I guess it's just the "aloneness" that a pre-term loss brings to a couple. Everyone remembers when you lose a family member, and people will make kind comments when you say things like "It's been two years since we lost Grandpa," or even "two years since we lost Rover," but you say "it's been two years since we lost our baby," and people give you *the look* and say, "You're still thinking about that? You should have moved past that by now. Why don't you just have another one?" Like having another one would erase the loss of the first.
I'm putting in a new flower bed this year, and I'm putting it in in honor of my daughter. I need something physical, not to remind me of her, but to validate her existence. People will notice the flowers, and by acknowledging them, they will be acknowledging her. They don't need to know that, I'd actually prefer that they not know. Then that way I won't get any stupid comments that just make me mad.
So where am I in all of this? Sad, bitter, hopeful, and longing. Sad for my loss, bitter that it's been my only chance of being a mom, hopeful that each year this day will get easier, and longing for heaven more than ever, because it will be the first time I get to see my daughter alive.
I've learned extra compassion, understand the value of a hug and an "I am grieving with you in your loss", and know that parents take their children for granted entirely too much. I know the value of kindness to a stranger, and the joy of a child's hug.
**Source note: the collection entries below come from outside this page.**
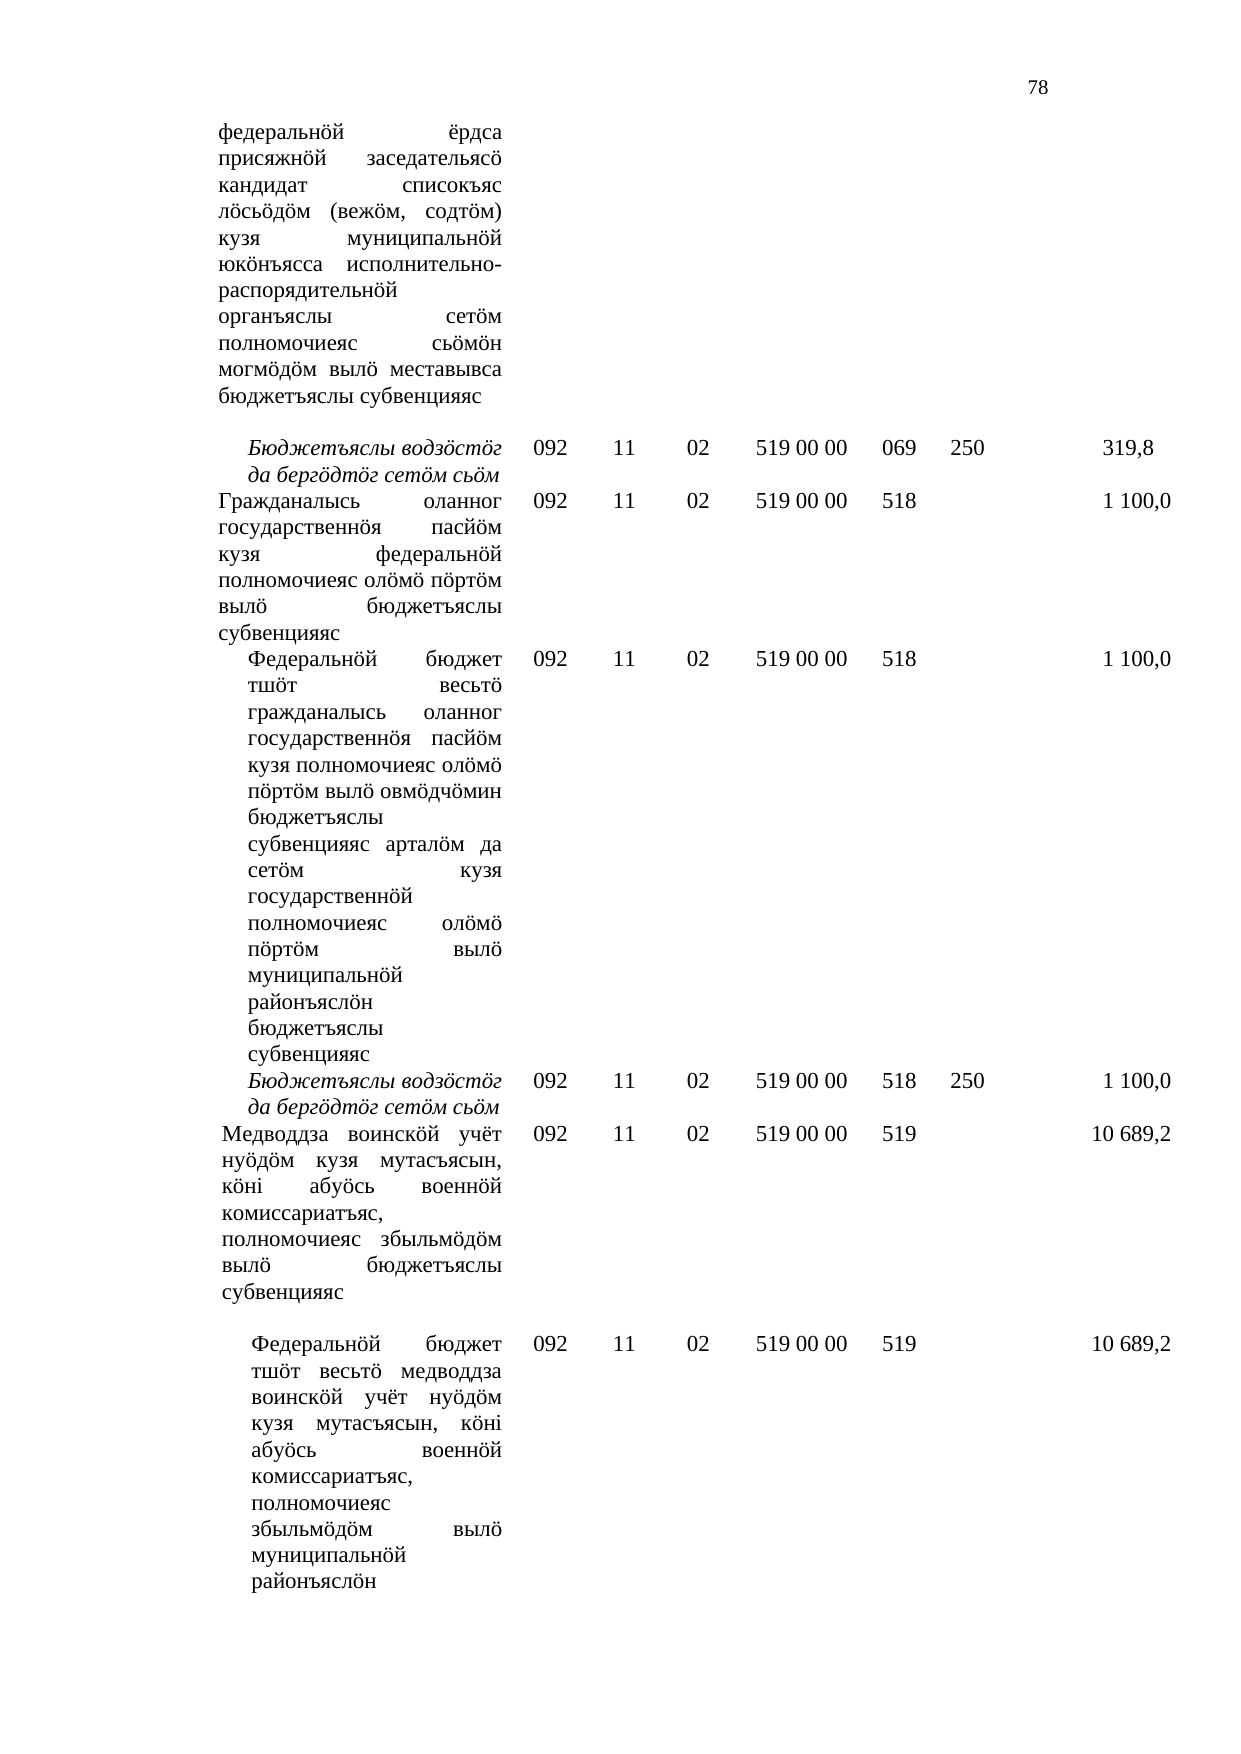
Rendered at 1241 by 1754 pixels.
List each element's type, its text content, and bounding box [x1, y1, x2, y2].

table_cell 1 100,0 [1004, 1067, 1182, 1119]
table_cell Гражданалысь оланног государственнöя пасйöм кузя федеральнöй полномочиеяс олöмö пöртöм вылö бюджетъяслы субвенцияяс [207, 487, 513, 645]
table_cell 519 00 00 [735, 645, 868, 1067]
table_cell Бюджетъяслы водзöстöг да бергöдтöг сетöм сьöм [207, 1067, 513, 1119]
table_cell 519 [868, 1120, 930, 1330]
table_cell [930, 118, 1004, 434]
table_cell федеральнöй ёрдса присяжнöй заседательясö кандидат списокъяс лöсьöдöм (вежöм, содтöм) кузя муниципальнöй юкöнъясса исполнительно-распорядительнöй органъяслы сетöм полномочиеяс сьöмöн могмöдöм вылö меставывса бюджетъяслы субвенцияяс [207, 118, 513, 434]
table_cell [930, 1120, 1004, 1330]
table_cell 518 [868, 1067, 930, 1119]
table_cell 092 [513, 645, 587, 1067]
table_cell [735, 118, 868, 434]
table_cell Федеральнöй бюджет тшöт весьтö гражданалысь оланног государственнöя пасйöм кузя полномочиеяс олöмö пöртöм вылö овмöдчöмин бюджетъяслы субвенцияяс арталöм да сетöм кузя государственнöй полномочиеяс олöмö пöртöм вылö муниципальнöй районъяслöн бюджетъяслы субвенцияяс [207, 645, 513, 1067]
table_cell [930, 645, 1004, 1067]
table_cell 250 [930, 434, 1004, 487]
table_cell 1 100,0 [1004, 487, 1182, 645]
table_cell 11 [587, 1120, 661, 1330]
table_cell 1 100,0 [1004, 645, 1182, 1067]
table_cell 250 [930, 1067, 1004, 1119]
table_cell 092 [513, 487, 587, 645]
table_cell 519 00 00 [735, 487, 868, 645]
table_cell 11 [587, 434, 661, 487]
table_cell 11 [587, 1330, 661, 1594]
table_cell [1183, 1067, 1227, 1119]
table_cell 519 00 00 [735, 434, 868, 487]
table_cell Медводдза воинскöй учёт нуöдöм кузя мутасъясын, кöнi абуöсь военнöй комиссариатъяс, полномочиеяс збыльмöдöм вылö бюджетъяслы субвенцияяс [207, 1120, 513, 1330]
table_cell 02 [661, 645, 735, 1067]
table_cell 02 [661, 434, 735, 487]
table_cell 02 [661, 1067, 735, 1119]
table_cell 11 [587, 645, 661, 1067]
table_cell [930, 487, 1004, 645]
table_cell 092 [513, 1330, 587, 1594]
table_cell [1183, 1330, 1227, 1594]
table_cell 092 [513, 434, 587, 487]
table_cell 02 [661, 1120, 735, 1330]
table_cell 519 [868, 1330, 930, 1594]
table_cell 092 [513, 1120, 587, 1330]
table_cell 11 [587, 487, 661, 645]
table_cell 519 00 00 [735, 1120, 868, 1330]
table_cell [1183, 118, 1227, 434]
table_cell [587, 118, 661, 434]
table_cell 519 00 00 [735, 1067, 868, 1119]
table_cell [513, 118, 587, 434]
table_cell [661, 118, 735, 434]
table_cell [1183, 645, 1227, 1067]
table_cell 092 [513, 1067, 587, 1119]
table_cell [1183, 487, 1227, 645]
table_cell 519 00 00 [735, 1330, 868, 1594]
table_cell 11 [587, 1067, 661, 1119]
table_cell 10 689,2 [1004, 1330, 1182, 1594]
table_cell [930, 1330, 1004, 1594]
table_cell 02 [661, 1330, 735, 1594]
table_cell [1183, 434, 1227, 487]
table_cell 02 [661, 487, 735, 645]
table_cell Бюджетъяслы водзöстöг да бергöдтöг сетöм сьöм [207, 434, 513, 487]
table_cell [868, 118, 930, 434]
table_cell [1004, 118, 1182, 434]
table_cell 319,8 [1004, 434, 1182, 487]
table_cell 069 [868, 434, 930, 487]
table_cell [1183, 1120, 1227, 1330]
table_cell 10 689,2 [1004, 1120, 1182, 1330]
table_cell 518 [868, 645, 930, 1067]
table_cell 518 [868, 487, 930, 645]
table_cell Федеральнöй бюджет тшöт весьтö медводдза воинскöй учёт нуöдöм кузя мутасъясын, кöнi абуöсь военнöй комиссариатъяс, полномочиеяс збыльмöдöм вылö муниципальнöй районъяслöн [207, 1330, 513, 1594]
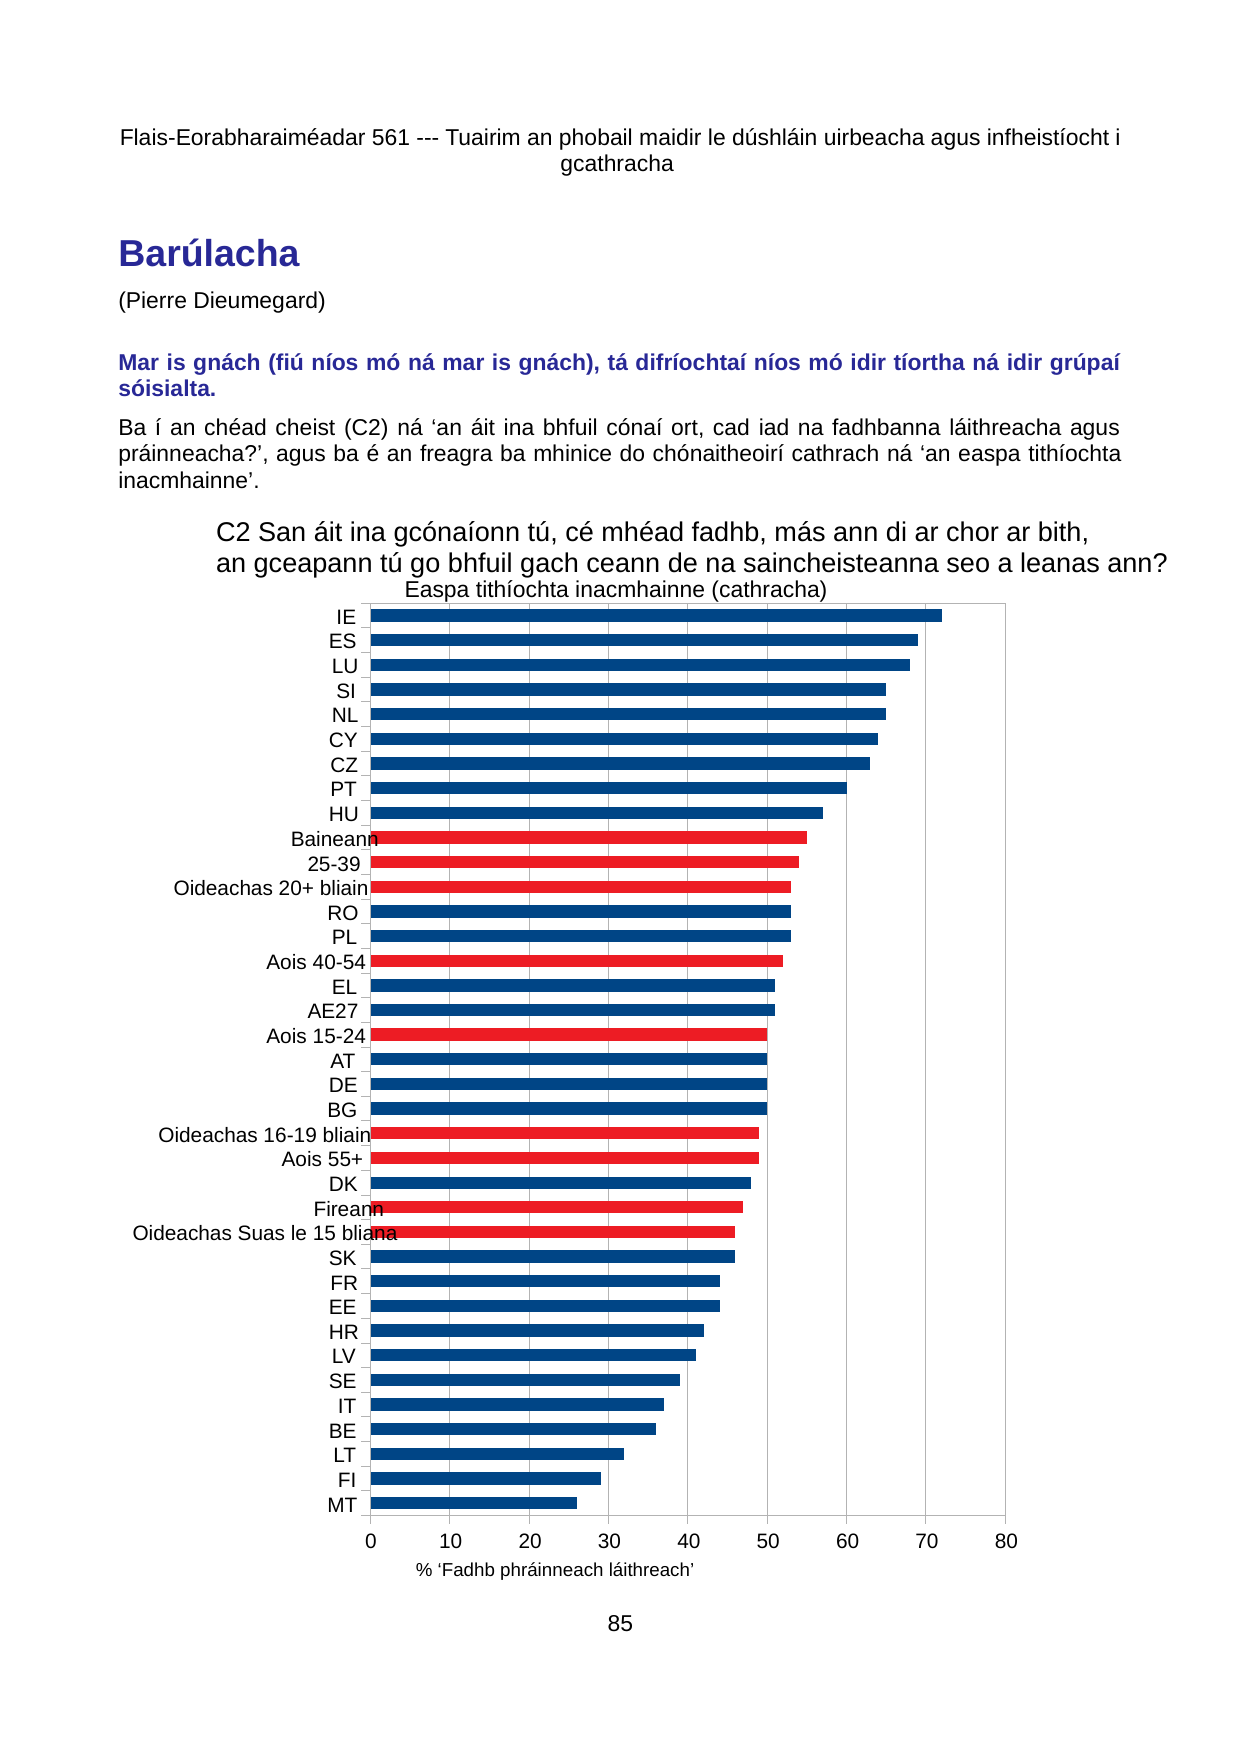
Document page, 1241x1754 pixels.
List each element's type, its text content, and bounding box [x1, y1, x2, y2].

text Ba í an chéad cheist (C2) ná ‘an áit ina bhfuil cónaí ort, cad iad na fadhbanna láithreacha agus práinneacha?’, agus ba é an freagra ba mhinice do chónaitheoirí cathrach ná ‘an easpa tithíochta inacmhainne’. [118, 414, 1122, 493]
subtitle Barúlacha [118, 231, 1122, 274]
subtitle Mar is gnách (fiú níos mó ná mar is gnách), tá difríochtaí níos mó idir tíortha ná idir grúpaí sóisialta. [118, 349, 1122, 401]
text (Pierre Dieumegard) [118, 287, 1122, 313]

The words "I love you" from my two-year old nephew take my breath away, and the smile from my 6-month old niece melts my heart. I know that if God wills it, I will be a good mom, but if it never happens on this earth, I have a beautiful daughter waiting for me in heaven.
I recently came across this quote from Laura Bush, and it speaks much more eloquently about the loss of a baby than I can:
"The English language lacks the words 'to mourn an absence.' For the loss of a parent, grandparent, spouse, child or friend we have all manner of words and phrases, some helpful, some not. Still, we are conditioned to say something, even if it is only 'I am sorry for your loss.' But for an absence, for someone who was never there at all, we are wordless to capture that particular emptiness. For those who deeply want children and are denied them, those missing babies hover like silent, ephemeral shadows over their lives. Who can describe the feel of a tiny hand that is never held?"